Directions for this task
From the data underneath, reproduce exactly the stretch that begins at the line with "Camera HFOV: 23.2 deg." and ends after the line with "1. name: x y z sx sy sz roll pitch yaw".

Data for this exercise
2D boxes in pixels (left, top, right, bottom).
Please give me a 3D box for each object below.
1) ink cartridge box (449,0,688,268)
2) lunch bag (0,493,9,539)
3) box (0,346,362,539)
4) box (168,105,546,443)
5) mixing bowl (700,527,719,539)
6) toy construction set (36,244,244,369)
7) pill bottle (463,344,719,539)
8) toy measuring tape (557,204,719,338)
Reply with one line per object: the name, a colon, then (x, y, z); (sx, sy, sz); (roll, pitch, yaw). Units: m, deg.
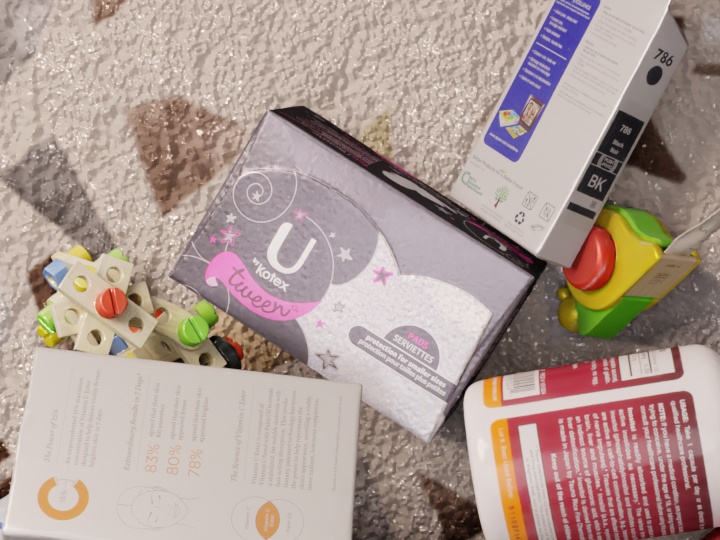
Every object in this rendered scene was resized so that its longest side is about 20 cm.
ink cartridge box: (0.139, -0.111, 1.215); (0.099, 0.039, 0.201); (40, 107, 47)
lunch bag: (-0.187, 0.242, 1.256); (0.160, 0.082, 0.201); (22, 122, 27)
box: (-0.105, 0.132, 1.150); (0.199, 0.098, 0.125); (7, 56, -4)
box: (0.000, 0.000, 1.237); (0.200, 0.115, 0.132); (33, 100, 6)
mixing bowl: (0.267, 0.224, 1.201); (0.199, 0.108, 0.201); (2, 115, 4)
toy construction set: (-0.149, 0.035, 1.237); (0.092, 0.200, 0.131); (-37, 95, -12)
pill bottle: (0.170, 0.108, 1.177); (0.199, 0.113, 0.114); (-10, 94, 8)
toy measuring tape: (0.184, -0.029, 1.206); (0.074, 0.074, 0.200); (45, 130, 4)
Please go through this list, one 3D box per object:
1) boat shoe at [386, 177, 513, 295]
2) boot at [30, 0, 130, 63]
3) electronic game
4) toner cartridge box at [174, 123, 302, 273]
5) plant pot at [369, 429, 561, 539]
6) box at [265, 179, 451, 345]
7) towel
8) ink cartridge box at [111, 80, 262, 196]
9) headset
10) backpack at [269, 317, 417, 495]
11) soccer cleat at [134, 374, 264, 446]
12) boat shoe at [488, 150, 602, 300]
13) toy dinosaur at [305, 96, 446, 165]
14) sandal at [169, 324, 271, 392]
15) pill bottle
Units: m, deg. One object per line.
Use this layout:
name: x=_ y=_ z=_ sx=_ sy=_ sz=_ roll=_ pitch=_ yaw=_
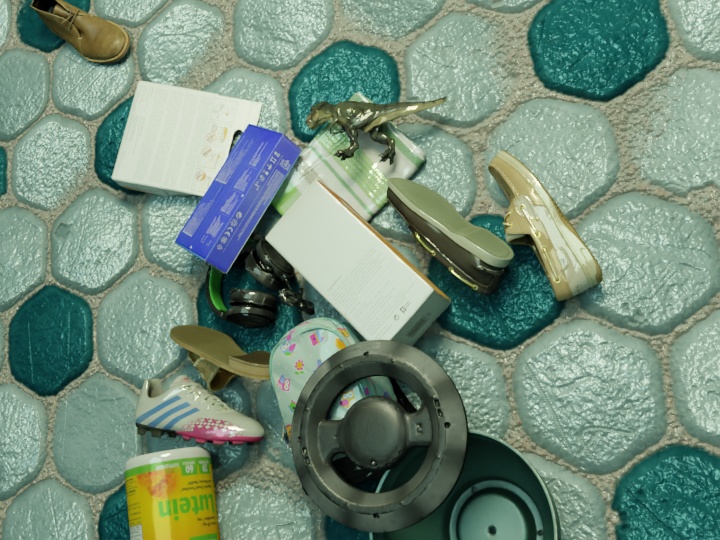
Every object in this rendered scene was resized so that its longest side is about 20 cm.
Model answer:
boat shoe: x=0.098 y=-0.046 z=0.973 sx=0.201 sy=0.071 sz=0.061 roll=42 pitch=126 yaw=33
boot: x=-0.461 y=-0.397 z=1.279 sx=0.199 sy=0.075 sz=0.074 roll=28 pitch=87 yaw=24
electronic game: x=0.017 y=0.174 z=0.834 sx=0.199 sy=0.042 sz=0.201 roll=-5 pitch=75 yaw=20
toner cartridge box: x=-0.169 y=-0.102 z=1.082 sx=0.095 sy=0.043 sz=0.201 roll=25 pitch=82 yaw=48
plant pot: x=0.127 y=0.281 z=0.844 sx=0.199 sy=0.134 sz=0.202 roll=-9 pitch=69 yaw=25
box: x=0.000 y=0.000 z=0.960 sx=0.200 sy=0.124 sz=0.098 roll=44 pitch=95 yaw=17
towel: x=-0.026 y=-0.129 z=1.064 sx=0.200 sy=0.031 sz=0.149 roll=-45 pitch=65 yaw=7
ink cartridge box: x=-0.255 y=-0.189 z=1.175 sx=0.199 sy=0.050 sz=0.163 roll=12 pitch=81 yaw=6
headset: x=-0.139 y=0.018 z=1.040 sx=0.199 sy=0.094 sz=0.124 roll=22 pitch=87 yaw=36
backpack: x=-0.024 y=0.154 z=0.939 sx=0.166 sy=0.127 sz=0.201 roll=-21 pitch=78 yaw=13
soccer cleat: x=-0.217 y=0.185 z=1.044 sx=0.199 sy=0.070 sz=0.087 roll=2 pitch=80 yaw=23
boat shoe: x=0.203 y=-0.053 z=0.930 sx=0.069 sy=0.074 sz=0.201 roll=-34 pitch=68 yaw=5
toy dinosaur: x=0.011 y=-0.186 z=1.026 sx=0.199 sy=0.047 sz=0.089 roll=1 pitch=74 yaw=19
sandal: x=-0.185 y=0.130 z=1.032 sx=0.211 sy=0.077 sz=0.070 roll=14 pitch=103 yaw=42
pill bottle: x=-0.234 y=0.334 z=0.993 sx=0.110 sy=0.111 sz=0.201 roll=-16 pitch=72 yaw=18
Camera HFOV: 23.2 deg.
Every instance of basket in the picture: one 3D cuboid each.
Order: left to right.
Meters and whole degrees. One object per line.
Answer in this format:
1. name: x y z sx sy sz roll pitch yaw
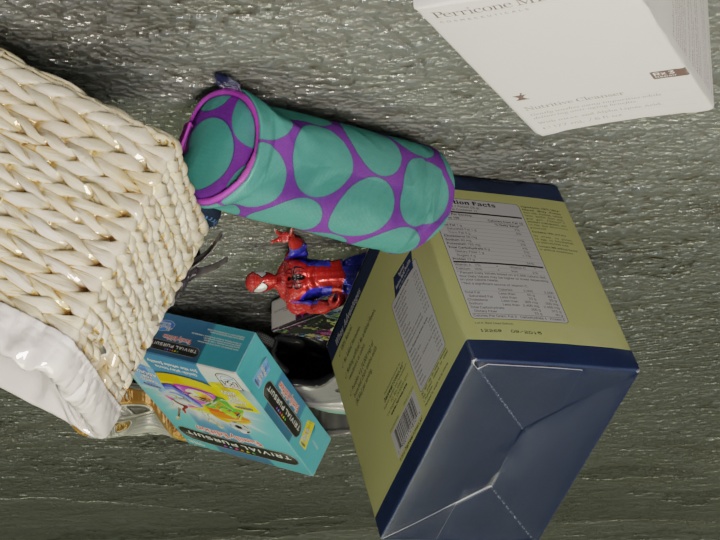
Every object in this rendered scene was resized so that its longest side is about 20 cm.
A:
1. basket: -0.211 -0.022 1.053 0.200 0.161 0.198 27 166 8

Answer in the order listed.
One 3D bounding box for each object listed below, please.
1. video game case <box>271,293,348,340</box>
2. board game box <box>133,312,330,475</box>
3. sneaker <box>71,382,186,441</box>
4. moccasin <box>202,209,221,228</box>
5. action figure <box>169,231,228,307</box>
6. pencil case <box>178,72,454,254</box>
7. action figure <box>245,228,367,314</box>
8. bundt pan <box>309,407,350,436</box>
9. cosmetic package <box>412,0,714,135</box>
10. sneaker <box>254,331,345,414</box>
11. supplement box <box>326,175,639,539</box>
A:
1. video game case: 0.048 0.035 1.616 0.200 0.036 0.181 9 160 -33
2. board game box: -0.133 0.115 1.662 0.151 0.047 0.200 11 151 29
3. sneaker: -0.226 0.149 1.941 0.199 0.076 0.088 5 179 -14
4. moccasin: -0.202 -0.036 1.289 0.199 0.068 0.080 2 163 -13
5. action figure: -0.208 0.012 1.400 0.199 0.102 0.119 -2 152 4
6. pencil case: -0.030 -0.066 1.181 0.200 0.085 0.092 13 -164 -44
7. action figure: 0.000 0.000 1.444 0.199 0.065 0.099 -5 172 5
8. bundt pan: -0.008 0.136 1.845 0.201 0.076 0.202 -3 173 0
9. cosmetic package: 0.113 -0.146 0.935 0.113 0.081 0.200 -8 164 25
10. sneaker: -0.087 0.088 1.710 0.199 0.078 0.140 -3 159 20
11. supplement box: 0.083 0.066 1.322 0.134 0.200 0.200 5 132 -22
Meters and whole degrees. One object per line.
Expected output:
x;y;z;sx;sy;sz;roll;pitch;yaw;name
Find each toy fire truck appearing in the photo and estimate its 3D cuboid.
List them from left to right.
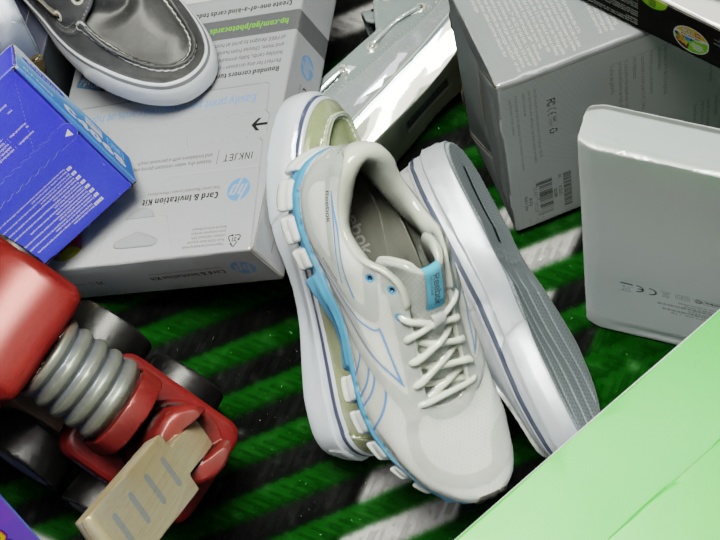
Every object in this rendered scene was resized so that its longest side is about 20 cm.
-0.141;0.070;1.001;0.176;0.200;0.129;38;74;-15;toy fire truck

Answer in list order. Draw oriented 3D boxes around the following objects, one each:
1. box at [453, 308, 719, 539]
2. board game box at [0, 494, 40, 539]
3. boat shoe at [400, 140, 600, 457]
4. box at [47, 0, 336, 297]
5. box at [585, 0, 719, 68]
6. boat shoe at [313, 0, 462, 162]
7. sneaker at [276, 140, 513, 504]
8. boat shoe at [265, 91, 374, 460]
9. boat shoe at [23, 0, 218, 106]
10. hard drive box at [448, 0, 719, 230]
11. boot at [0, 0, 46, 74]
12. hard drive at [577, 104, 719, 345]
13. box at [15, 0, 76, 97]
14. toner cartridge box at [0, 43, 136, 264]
0.144;0.129;0.968;0.200;0.177;0.097;-39;65;-12;box
-0.225;0.104;1.017;0.045;0.135;0.200;-43;44;-14;board game box
0.066;0.027;1.098;0.067;0.074;0.200;-34;60;19;boat shoe
-0.100;-0.086;1.153;0.156;0.041;0.200;-6;60;29;box
0.174;-0.166;1.012;0.200;0.035;0.110;31;71;21;box
0.027;-0.131;1.168;0.071;0.070;0.201;39;78;16;boat shoe
0.024;0.025;1.007;0.075;0.087;0.200;-28;92;-22;sneaker
0.000;0.000;1.083;0.062;0.072;0.200;-12;87;34;boat shoe
-0.159;-0.171;1.135;0.070;0.066;0.200;-40;68;-12;boat shoe
0.157;-0.121;1.099;0.200;0.156;0.077;-21;62;-3;hard drive box
-0.254;-0.169;1.149;0.097;0.075;0.200;-20;73;-13;boot
0.177;-0.010;1.017;0.132;0.200;0.026;14;66;14;hard drive
-0.233;-0.179;1.226;0.141;0.079;0.200;5;65;7;box
-0.228;-0.020;1.106;0.200;0.095;0.043;-41;25;7;toner cartridge box
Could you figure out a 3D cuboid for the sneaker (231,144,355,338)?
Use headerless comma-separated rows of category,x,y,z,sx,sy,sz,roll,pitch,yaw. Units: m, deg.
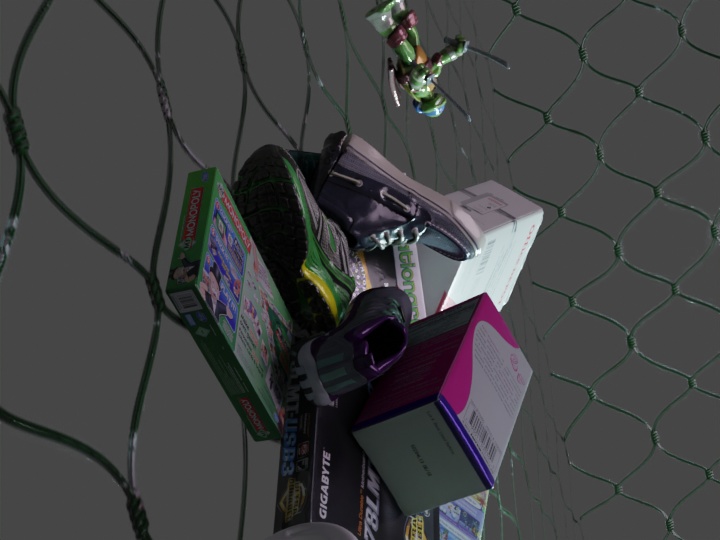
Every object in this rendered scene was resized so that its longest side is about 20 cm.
sneaker,-0.059,-0.033,1.219,0.086,0.077,0.202,-59,143,-43

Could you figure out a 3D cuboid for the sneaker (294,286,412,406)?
sneaker,0.022,0.062,1.192,0.075,0.087,0.200,65,31,-10

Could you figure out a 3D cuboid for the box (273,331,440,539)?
box,0.003,0.190,1.215,0.198,0.049,0.202,43,37,-39

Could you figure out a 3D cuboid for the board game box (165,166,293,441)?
board game box,-0.106,0.032,1.119,0.136,0.029,0.201,-87,161,-44

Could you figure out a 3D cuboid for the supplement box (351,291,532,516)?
supplement box,0.083,0.122,1.245,0.102,0.103,0.200,58,31,-15

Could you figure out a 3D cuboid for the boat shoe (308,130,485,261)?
boat shoe,0.029,-0.045,1.315,0.199,0.075,0.093,33,65,-14

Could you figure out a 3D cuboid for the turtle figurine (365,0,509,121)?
turtle figurine,0.107,-0.328,1.936,0.195,0.144,0.199,56,-21,-19

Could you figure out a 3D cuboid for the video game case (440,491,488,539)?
video game case,0.062,0.263,1.361,0.200,0.022,0.184,42,50,-39

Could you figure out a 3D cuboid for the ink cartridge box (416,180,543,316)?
ink cartridge box,0.114,-0.010,1.513,0.199,0.082,0.148,-21,137,-56

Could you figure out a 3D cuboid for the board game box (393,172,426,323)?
board game box,0.000,0.000,1.384,0.035,0.125,0.203,154,-70,-65

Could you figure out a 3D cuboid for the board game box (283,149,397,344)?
board game box,-0.025,-0.017,1.323,0.134,0.028,0.203,4,73,-35

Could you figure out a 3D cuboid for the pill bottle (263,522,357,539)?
pill bottle,-0.025,0.316,1.074,0.112,0.110,0.202,-75,151,-59
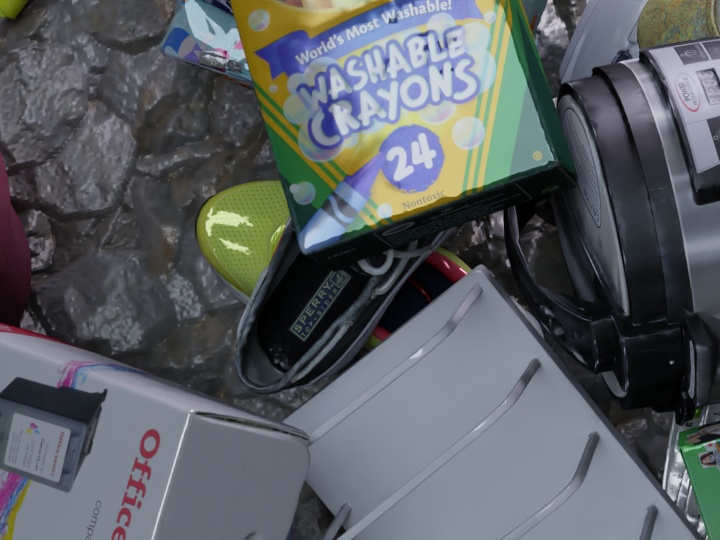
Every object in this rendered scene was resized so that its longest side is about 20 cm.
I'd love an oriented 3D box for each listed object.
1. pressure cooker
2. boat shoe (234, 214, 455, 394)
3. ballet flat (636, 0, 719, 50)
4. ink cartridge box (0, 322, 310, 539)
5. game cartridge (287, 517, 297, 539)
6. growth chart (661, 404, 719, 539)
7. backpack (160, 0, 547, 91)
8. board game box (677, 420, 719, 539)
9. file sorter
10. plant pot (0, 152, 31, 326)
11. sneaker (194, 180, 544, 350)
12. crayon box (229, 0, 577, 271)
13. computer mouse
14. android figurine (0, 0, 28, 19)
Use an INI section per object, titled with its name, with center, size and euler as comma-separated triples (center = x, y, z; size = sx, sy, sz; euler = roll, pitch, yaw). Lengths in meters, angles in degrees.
[pressure cooker]
center = 0.170, -0.020, 1.349
size = 0.200, 0.176, 0.179
euler = -10, 88, -3
[boat shoe]
center = -0.001, -0.024, 1.357
size = 0.074, 0.068, 0.199
euler = 41, 112, 10
[ballet flat]
center = 0.240, -0.137, 1.411
size = 0.200, 0.071, 0.071
euler = -7, 75, -1
[ink cartridge box]
center = -0.135, 0.114, 1.314
size = 0.200, 0.086, 0.148
euler = 16, 90, 44
[game cartridge]
center = -0.103, 0.203, 1.377
size = 0.133, 0.041, 0.200
euler = 0, 77, 18
[growth chart]
center = 0.209, 0.124, 1.406
size = 0.145, 0.018, 0.200
euler = 3, 79, 14
[backpack]
center = 0.000, -0.156, 1.442
size = 0.200, 0.178, 0.151
euler = 13, 105, 12
[board game box]
center = 0.244, 0.153, 1.338
size = 0.134, 0.029, 0.200
euler = -16, 102, 10
[file sorter]
center = 0.059, 0.126, 1.342
size = 0.139, 0.125, 0.200
euler = -39, 91, 15
[plant pot]
center = -0.262, -0.014, 1.470
size = 0.200, 0.179, 0.200
euler = -3, 77, 13
[sneaker]
center = 0.000, 0.000, 1.448
size = 0.200, 0.090, 0.078
euler = 22, 84, 18
[crayon box]
center = 0.010, -0.115, 1.304
size = 0.126, 0.052, 0.200
euler = -20, 75, 12
[computer mouse]
center = 0.140, -0.114, 1.464
size = 0.110, 0.044, 0.200
euler = 30, 86, 19
[android figurine]
center = -0.241, -0.222, 1.586
size = 0.182, 0.041, 0.200
euler = 34, 88, 19
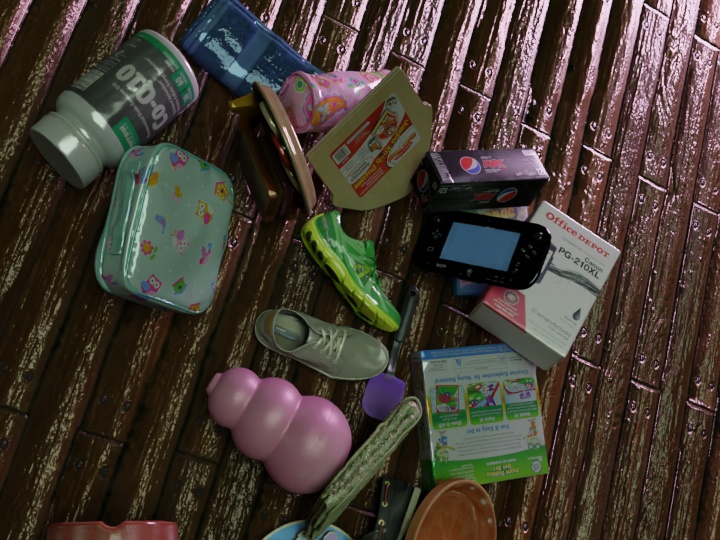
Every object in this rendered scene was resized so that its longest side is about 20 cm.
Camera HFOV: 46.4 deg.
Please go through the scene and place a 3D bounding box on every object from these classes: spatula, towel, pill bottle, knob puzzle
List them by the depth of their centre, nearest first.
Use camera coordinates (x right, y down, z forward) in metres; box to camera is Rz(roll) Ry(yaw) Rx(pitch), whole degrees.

Completed task
Camera HFOV: 23.2 deg.
Every instance of basket in the picture: one 3D cuboid each.
Order: left to right.
Meters and whole degrees. One object per line.
Answer in this format:
1. name: x y z sx sy sz roll pitch yaw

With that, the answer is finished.